Swiss glaciers lose 10% of their volume in two years

A Swiss flag at the Rhône glacier in Obergoms, Switzerland
A Swiss flag at the Rhône glacier in Obergoms, Switzerland. Photograph: Denis Balibouse/Reuters

Swiss glaciers have lost 10% of their volume in just two years, a report has found.

Scientists have said climate breakdown caused by the burning of fossil fuels is the cause of unusually hot summers and winters with very low snow volume, which have caused the accelerating melts. The volume lost during the hot summers of 2022 and 2023 is the same as that lost between 1960 and 1990.

The analysis by the Swiss Academy of Sciences found 4% of Switzerland’s total glacier volume vanished this year, the second-biggest annual decline on record. The largest decline was in 2022, when there was a 6% drop, the biggest thaw since measurements began.

Experts have stopped measuring the ice on some glaciers as there is essentially none left. Glacier Monitoring in Switzerland (Glamos), which monitors 176 glaciers, recently halted measurements at the St Annafirn glacier in the central Swiss canton of Uri since it had mostly melted.

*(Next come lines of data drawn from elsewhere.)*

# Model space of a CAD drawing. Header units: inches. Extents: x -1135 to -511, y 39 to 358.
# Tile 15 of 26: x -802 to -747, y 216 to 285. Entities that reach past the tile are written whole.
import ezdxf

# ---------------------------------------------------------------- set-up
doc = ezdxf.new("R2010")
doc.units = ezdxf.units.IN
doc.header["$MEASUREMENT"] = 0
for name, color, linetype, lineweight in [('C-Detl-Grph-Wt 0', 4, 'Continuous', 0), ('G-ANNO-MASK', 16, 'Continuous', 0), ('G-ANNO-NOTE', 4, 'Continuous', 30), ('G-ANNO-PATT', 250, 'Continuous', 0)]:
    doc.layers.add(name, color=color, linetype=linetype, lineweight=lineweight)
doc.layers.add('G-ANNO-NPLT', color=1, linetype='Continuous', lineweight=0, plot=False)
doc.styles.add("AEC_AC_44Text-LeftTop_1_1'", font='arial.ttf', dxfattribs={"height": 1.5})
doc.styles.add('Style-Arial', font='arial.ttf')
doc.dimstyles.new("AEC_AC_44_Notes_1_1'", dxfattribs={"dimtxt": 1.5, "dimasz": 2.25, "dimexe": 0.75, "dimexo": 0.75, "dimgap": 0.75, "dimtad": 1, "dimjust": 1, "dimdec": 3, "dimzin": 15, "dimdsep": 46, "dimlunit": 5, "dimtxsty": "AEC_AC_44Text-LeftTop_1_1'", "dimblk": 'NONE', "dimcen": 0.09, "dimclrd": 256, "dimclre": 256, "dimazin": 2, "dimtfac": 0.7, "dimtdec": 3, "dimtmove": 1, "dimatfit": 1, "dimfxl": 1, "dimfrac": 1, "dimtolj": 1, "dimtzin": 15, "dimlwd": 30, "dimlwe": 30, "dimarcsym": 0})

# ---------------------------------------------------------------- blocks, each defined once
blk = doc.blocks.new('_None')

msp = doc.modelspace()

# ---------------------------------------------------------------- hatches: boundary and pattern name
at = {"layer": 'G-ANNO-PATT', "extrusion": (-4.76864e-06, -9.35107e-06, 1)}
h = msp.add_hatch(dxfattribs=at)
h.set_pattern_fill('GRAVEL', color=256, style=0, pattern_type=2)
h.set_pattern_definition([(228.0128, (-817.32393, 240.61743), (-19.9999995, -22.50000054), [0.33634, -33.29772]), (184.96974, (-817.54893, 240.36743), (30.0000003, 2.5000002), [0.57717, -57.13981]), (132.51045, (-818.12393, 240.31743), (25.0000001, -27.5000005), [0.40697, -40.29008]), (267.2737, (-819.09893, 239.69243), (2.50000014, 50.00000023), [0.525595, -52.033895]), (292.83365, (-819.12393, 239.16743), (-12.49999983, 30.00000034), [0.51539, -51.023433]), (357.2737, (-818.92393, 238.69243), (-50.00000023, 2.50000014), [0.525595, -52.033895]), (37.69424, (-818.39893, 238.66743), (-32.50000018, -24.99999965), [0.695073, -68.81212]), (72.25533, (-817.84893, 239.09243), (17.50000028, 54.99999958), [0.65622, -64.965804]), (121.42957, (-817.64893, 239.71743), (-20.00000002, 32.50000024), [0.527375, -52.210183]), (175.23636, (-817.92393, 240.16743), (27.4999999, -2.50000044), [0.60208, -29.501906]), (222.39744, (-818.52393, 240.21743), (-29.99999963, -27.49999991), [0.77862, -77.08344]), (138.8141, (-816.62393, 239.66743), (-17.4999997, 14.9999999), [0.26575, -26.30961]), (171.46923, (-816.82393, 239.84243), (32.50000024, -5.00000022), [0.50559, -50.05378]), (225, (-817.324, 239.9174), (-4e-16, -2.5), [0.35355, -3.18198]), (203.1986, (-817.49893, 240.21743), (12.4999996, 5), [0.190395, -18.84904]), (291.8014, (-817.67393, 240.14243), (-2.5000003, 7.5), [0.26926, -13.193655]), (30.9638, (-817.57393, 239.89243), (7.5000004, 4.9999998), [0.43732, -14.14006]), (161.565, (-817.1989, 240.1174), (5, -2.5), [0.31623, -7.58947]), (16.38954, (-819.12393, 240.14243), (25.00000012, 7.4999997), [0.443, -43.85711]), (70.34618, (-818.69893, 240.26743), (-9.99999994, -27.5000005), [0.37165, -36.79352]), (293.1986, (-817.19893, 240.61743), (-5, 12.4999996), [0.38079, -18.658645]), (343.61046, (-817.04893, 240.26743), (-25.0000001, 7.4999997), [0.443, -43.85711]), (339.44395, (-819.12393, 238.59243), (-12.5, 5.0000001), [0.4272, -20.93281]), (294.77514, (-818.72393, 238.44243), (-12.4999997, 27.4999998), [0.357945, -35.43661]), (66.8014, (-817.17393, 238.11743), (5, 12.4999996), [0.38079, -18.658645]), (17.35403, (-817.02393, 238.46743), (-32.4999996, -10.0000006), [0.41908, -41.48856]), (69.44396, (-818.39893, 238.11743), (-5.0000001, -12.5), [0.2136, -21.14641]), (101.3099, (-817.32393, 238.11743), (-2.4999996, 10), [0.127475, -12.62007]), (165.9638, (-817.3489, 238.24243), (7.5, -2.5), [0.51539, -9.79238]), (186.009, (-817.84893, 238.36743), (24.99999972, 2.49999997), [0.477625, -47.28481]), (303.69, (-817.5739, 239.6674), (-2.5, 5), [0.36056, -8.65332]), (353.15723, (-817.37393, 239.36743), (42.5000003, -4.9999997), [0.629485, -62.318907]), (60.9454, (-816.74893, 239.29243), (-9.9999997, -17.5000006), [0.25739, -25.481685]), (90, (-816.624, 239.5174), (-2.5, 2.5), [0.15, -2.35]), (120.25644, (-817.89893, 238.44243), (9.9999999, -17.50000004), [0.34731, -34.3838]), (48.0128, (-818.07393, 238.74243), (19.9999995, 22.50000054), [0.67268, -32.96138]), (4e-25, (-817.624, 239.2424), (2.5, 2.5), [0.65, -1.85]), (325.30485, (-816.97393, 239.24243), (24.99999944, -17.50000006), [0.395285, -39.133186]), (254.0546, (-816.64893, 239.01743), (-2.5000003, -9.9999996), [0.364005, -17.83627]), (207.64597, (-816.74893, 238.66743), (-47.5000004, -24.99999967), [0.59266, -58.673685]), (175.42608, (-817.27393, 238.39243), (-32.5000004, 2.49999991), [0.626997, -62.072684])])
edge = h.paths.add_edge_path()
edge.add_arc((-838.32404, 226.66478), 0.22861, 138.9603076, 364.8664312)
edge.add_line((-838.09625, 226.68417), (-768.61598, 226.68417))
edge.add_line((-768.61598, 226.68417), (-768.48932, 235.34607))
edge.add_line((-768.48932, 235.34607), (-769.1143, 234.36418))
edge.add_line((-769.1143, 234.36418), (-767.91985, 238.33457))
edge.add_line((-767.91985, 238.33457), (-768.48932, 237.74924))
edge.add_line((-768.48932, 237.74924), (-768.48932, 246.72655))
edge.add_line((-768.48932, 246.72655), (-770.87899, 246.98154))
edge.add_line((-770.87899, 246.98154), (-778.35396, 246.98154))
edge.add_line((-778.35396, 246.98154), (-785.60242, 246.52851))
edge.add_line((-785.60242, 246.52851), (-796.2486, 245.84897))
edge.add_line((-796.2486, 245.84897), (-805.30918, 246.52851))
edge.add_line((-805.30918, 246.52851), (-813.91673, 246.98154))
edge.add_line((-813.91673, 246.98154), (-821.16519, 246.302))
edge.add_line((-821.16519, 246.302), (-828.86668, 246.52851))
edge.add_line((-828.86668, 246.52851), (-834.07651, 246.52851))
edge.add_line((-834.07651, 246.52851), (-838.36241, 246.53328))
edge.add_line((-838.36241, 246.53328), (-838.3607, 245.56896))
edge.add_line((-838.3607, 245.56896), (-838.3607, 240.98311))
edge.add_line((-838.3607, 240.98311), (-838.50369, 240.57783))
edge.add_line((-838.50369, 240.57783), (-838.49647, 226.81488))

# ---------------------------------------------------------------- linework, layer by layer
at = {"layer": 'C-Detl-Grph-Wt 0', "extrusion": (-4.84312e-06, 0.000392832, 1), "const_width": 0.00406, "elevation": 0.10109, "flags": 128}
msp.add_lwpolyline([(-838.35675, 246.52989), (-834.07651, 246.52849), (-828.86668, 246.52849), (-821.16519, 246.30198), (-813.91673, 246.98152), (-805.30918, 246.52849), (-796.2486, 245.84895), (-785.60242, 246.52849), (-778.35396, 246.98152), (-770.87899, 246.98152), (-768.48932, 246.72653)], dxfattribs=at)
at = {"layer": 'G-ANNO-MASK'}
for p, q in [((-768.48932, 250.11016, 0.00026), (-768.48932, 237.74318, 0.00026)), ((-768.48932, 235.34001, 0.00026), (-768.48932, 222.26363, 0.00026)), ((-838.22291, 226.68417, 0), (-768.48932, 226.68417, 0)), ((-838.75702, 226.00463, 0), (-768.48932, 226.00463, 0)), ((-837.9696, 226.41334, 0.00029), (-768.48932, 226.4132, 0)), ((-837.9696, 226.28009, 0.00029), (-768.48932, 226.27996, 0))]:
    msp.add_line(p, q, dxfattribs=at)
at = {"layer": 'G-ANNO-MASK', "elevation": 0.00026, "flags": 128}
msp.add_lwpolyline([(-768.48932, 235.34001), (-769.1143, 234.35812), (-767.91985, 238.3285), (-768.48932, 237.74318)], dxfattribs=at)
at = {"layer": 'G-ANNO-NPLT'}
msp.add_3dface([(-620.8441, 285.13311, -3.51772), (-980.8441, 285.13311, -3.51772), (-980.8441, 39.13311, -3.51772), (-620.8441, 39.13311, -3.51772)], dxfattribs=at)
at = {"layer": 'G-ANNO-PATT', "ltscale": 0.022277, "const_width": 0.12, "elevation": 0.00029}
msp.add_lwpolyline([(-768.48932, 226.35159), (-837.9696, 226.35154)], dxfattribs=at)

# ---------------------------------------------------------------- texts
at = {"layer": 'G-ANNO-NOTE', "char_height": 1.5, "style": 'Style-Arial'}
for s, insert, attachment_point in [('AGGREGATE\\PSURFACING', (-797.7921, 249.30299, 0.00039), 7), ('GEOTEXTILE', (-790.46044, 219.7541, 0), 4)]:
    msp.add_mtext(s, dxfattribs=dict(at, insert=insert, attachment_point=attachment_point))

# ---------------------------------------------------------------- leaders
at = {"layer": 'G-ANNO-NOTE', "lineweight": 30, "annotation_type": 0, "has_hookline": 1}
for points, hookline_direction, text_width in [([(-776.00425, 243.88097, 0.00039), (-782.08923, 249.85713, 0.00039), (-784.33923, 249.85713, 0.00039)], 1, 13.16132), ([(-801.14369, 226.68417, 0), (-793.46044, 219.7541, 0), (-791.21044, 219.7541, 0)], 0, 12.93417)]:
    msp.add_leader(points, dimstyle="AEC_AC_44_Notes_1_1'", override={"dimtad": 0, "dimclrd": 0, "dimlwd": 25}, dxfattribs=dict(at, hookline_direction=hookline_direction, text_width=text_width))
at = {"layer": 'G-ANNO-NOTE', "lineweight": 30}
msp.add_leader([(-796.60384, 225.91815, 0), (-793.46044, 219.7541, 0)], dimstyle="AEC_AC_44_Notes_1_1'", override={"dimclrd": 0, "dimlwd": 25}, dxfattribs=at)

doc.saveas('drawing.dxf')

Matthias Huss, the head of Glamos, said: “We just had some dead ice left. It’s a combination of climate change that makes such extreme events more likely, and the very bad combination of meteorological extremes. If we continue at this rate … we will see every year such bad years.”

He said small glaciers were disappearing because of the rate of ice loss. In order to stop Switzerland losing its ice, emissions needed to be halted, he said, but added that even if the world managed to keep warming to 1.5C above preindustrial levels, only a third of glacier volume in Switzerland was forecast to remain.

This meant, he said, that “all the small glaciers will be gone anyway, and the big glaciers will be much smaller”. But he stressed that at least “there will be some ice in the highest regions of the Alps and some glaciers that we can show to our grandchildren”.

The Swiss Alps experienced record warmth this year. In August, the peak melt month, the Swiss weather service found that the elevation at which precipitation freezes hit a new record overnight high, measured 5,289 metres (17,350ft), an altitude higher than Mont Blanc. This exceeded last year’s record of 5,184 metres.

The mountain scenery is changing due to the melting ice. Huss has found new lakes forming next to glacier tongues for the first time on record, as well as bare rock poking from thinning ice. Bodies long lost under ice have been recovered as ice sheets have shrunk.

Swiss records mainly go back to 1960, and to 1914 for some glaciers.